Content starts
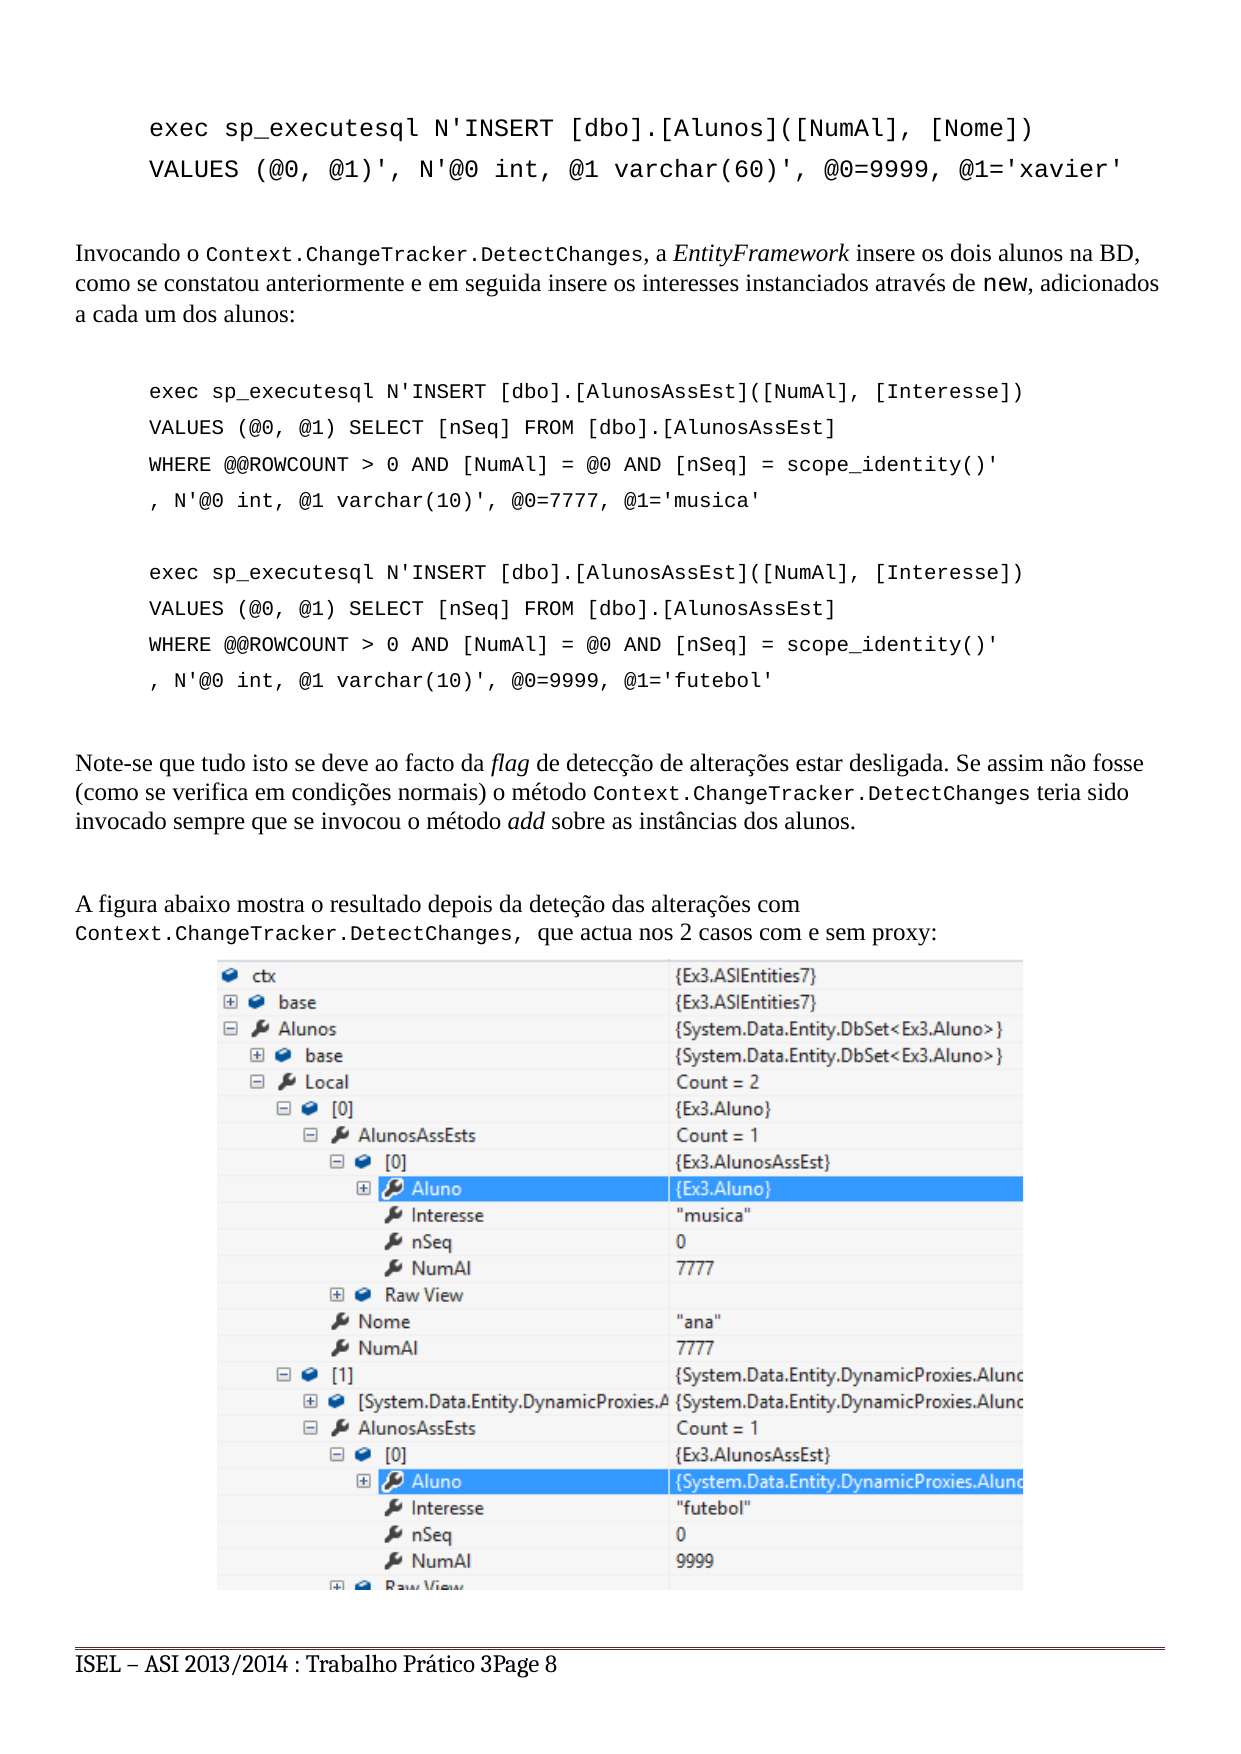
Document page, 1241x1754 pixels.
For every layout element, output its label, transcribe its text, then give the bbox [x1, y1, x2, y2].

text Note-se que tudo isto se deve ao facto da flag de detecção de alterações estar desligada. Se assim não fosse (como se verifica em condições normais) o método Context.ChangeTracker.DetectChanges teria sido invocado sempre que se invocou o método add sobre as instâncias dos alunos. [75, 748, 1165, 835]
text exec sp_executesql N'INSERT [dbo].[AlunosAssEst]([NumAl], [Interesse]) [149, 381, 1165, 405]
text , N'@0 int, @1 varchar(10)', @0=7777, @1='musica' [149, 490, 1165, 513]
text exec sp_executesql N'INSERT [dbo].[AlunosAssEst]([NumAl], [Interesse]) [149, 562, 1165, 586]
text Invocando o Context.ChangeTracker.DetectChanges, a EntityFramework insere os dois alunos na BD, como se constatou anteriormente e em seguida insere os interesses instanciados através de new, adicionados a cada um dos alunos: [75, 238, 1165, 327]
text VALUES (@0, @1) SELECT [nSeq] FROM [dbo].[AlunosAssEst] [149, 417, 1165, 441]
text WHERE @@ROWCOUNT > 0 AND [NumAl] = @0 AND [nSeq] = scope_identity()' [149, 453, 1165, 477]
text exec sp_executesql N'INSERT [dbo].[Alunos]([NumAl], [Nome]) [149, 116, 1165, 144]
picture [217, 959, 1024, 1590]
text WHERE @@ROWCOUNT > 0 AND [NumAl] = @0 AND [nSeq] = scope_identity()' [149, 634, 1165, 658]
text A figura abaixo mostra o resultado depois da deteção das alterações com Context.ChangeTracker.DetectChanges, que actua nos 2 casos com e sem proxy: [75, 889, 1165, 947]
text VALUES (@0, @1) SELECT [nSeq] FROM [dbo].[AlunosAssEst] [149, 598, 1165, 622]
text , N'@0 int, @1 varchar(10)', @0=9999, @1='futebol' [149, 670, 1165, 694]
text VALUES (@0, @1)', N'@0 int, @1 varchar(60)', @0=9999, @1='xavier' [149, 157, 1165, 185]
Content ends
What you copy out must be exactly the lines from the line containing "text A figura" through the end of the records.

RESPONSE BOX
text A figura abaixo mostra o resultado depois da deteção das alterações com Context.ChangeTracker.DetectChanges, que actua nos 2 casos com e sem proxy: [75, 889, 1165, 947]
text VALUES (@0, @1) SELECT [nSeq] FROM [dbo].[AlunosAssEst] [149, 598, 1165, 622]
text , N'@0 int, @1 varchar(10)', @0=9999, @1='futebol' [149, 670, 1165, 694]
text VALUES (@0, @1)', N'@0 int, @1 varchar(60)', @0=9999, @1='xavier' [149, 157, 1165, 185]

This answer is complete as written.